In all of these languages, the nation is distinct from the country
(pays,
Land or strana)
and most definitely from the state (état,
Staat, gosudarstvo). We see the quasi-familial connection of
the nation to its territory in terms
like patrie,
Vaterland and rodina,
all from “parental” etymological roots. All of these words mean
slightly different things to different people in these countries,
and they change over time. For example, the
French peuple partly
overlaps with Volk/narod.
And the Soviets used narod to
refer to the new “Soviet nation”, and natsionalnost' to
refer to nationalities like Russians, Kazakhs, Jews and so forth.
But the point remains: the people/Volk/nation
is a prominent and powerful concept in European thinking. As a
metaphor, it has more in common with a blood-related family than
with a group of like-minded people living together by
choice.
Things got confusing when new kinds of states began to appear.
Small mixed groups of people from Europe established footholds in
the Americas—among a population of indigenous Americans—and then
started importing slaves and later accepting immigrants from all
around the world. These new societies were hardly “nations” in the
traditional European sense, with a shared history, ethnicity,
culture, language, religion and the like. Some of
these things, of course, were shared among much of the population,
but by no means all. In the United States, “Americanness” (for
idealists, at least) came to mean belief in American civic ideals;
a kind of nation of the mind. Much the same happened in places like
Canada, Brazil and Australia, with their linguistically and
racially mixed populations. Each of these places, today, has a
strong identity. But it does not rest on the old European idea of
the nation, a single people with a single story. Some political
scientists cleverly introduced the idea of the “state-nation”, a
community that came into existence because of the prior existence
of a distinct state. France is a nation-state; Brazil, a
state-nation.
But political scientists have no power to determine how ordinary
people use words. And in America, “nation” is now used broadly,
more or less as a synonym for “country”. Politicians are very fond
of it in particular. A search of the Congressional
Record for the 112th Congress (2011-2012) maxes
out at 2000 results for the phrase “our nation”. In contrast,
British politicians are “nation”-shy: a search of
the Hansard, which records debates in the Houses of Parliament,
finds just 109 instances of “our nation” in 2011-2012.
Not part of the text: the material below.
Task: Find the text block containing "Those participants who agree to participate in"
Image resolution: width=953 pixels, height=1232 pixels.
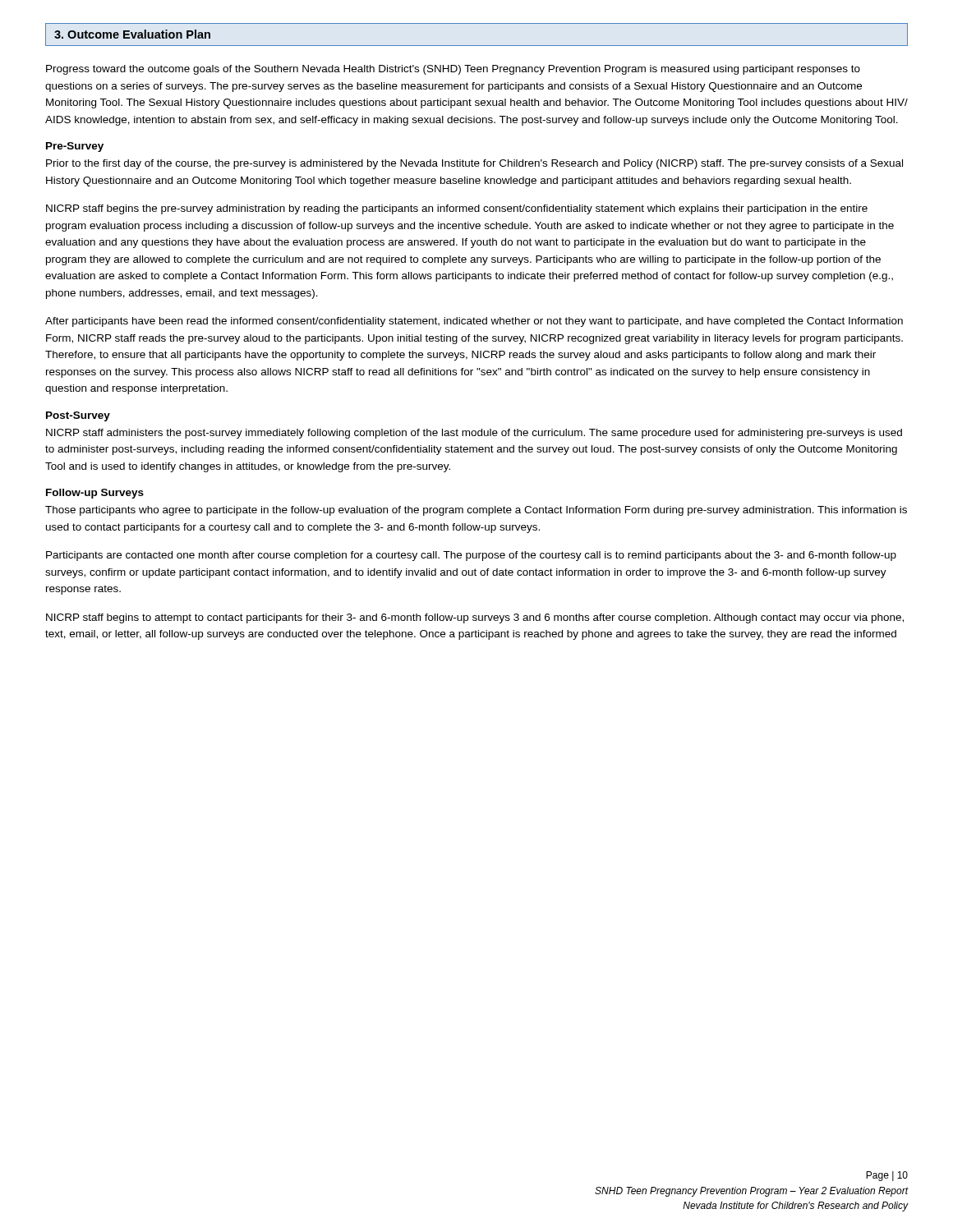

A Google search of British and American books
over the 20th century shows much the same:Americans write
about “our nation” quite a lot more than the British do.
That “nation”-creep could be touchy does not occur to Americans
most of the time. The official version of the story is that
American-born citizen has as simple a claim on the American
identity as any other. The questioning of Barack Obama’s
Americanness, on so many grounds, shows that this is premature
self-congratulation. If there is such thing as an American nation,
it is a complicated one.
So not even English-speakers agree on the basket of concepts
“nation” should include. And English-speakers are far more
wide-ranging in their use of “nation” then Europeans are with their
loaded words like Volk and narod.
This seems to have been the same conceptual mismatch that confused
Mr Zhang in his response to Mr Biden. Though he was graduating from
an elite English-language university, he missed this subtlety of
“nations” in the course of his education. In that, he is like many
of the Americans graduating with him.